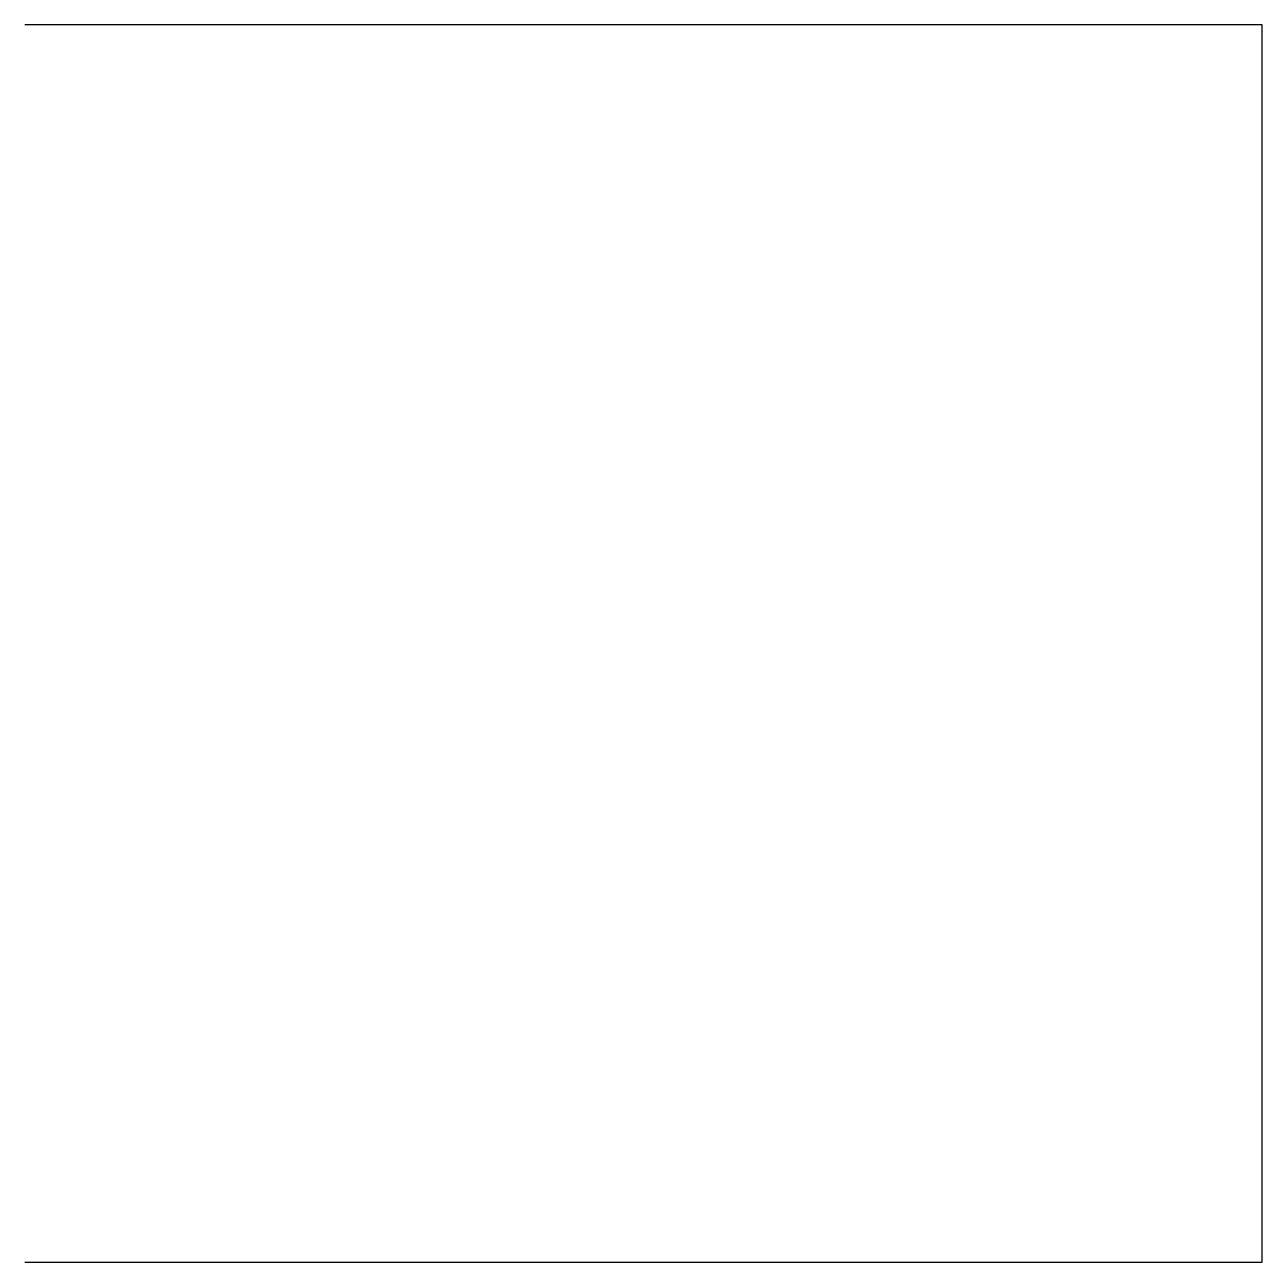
# Model space of a CAD drawing. Extents: x 0 to 10, y 0 to 10.
import ezdxf

# ---------------------------------------------------------------- set-up
doc = ezdxf.new("R2010")
doc.units = 0

msp = doc.modelspace()

# ---------------------------------------------------------------- linework, layer by layer
at = {"layer": 'Floor_1'}
msp.add_lwpolyline([(0, 0), (10, 0), (10, 10), (0, 10)], dxfattribs=at)

doc.saveas('drawing.dxf')
++++++++++
Task details
Without copying any picture, repeat all of the entries exactly.

Solution below
# Model space of a CAD drawing. Extents: x 0 to 10, y 0 to 10.
import ezdxf

# ---------------------------------------------------------------- set-up
doc = ezdxf.new("R2010")
doc.units = 0

msp = doc.modelspace()

# ---------------------------------------------------------------- linework, layer by layer
at = {"layer": 'Floor_1'}
msp.add_lwpolyline([(0, 0), (10, 0), (10, 10), (0, 10)], dxfattribs=at)

doc.saveas('drawing.dxf')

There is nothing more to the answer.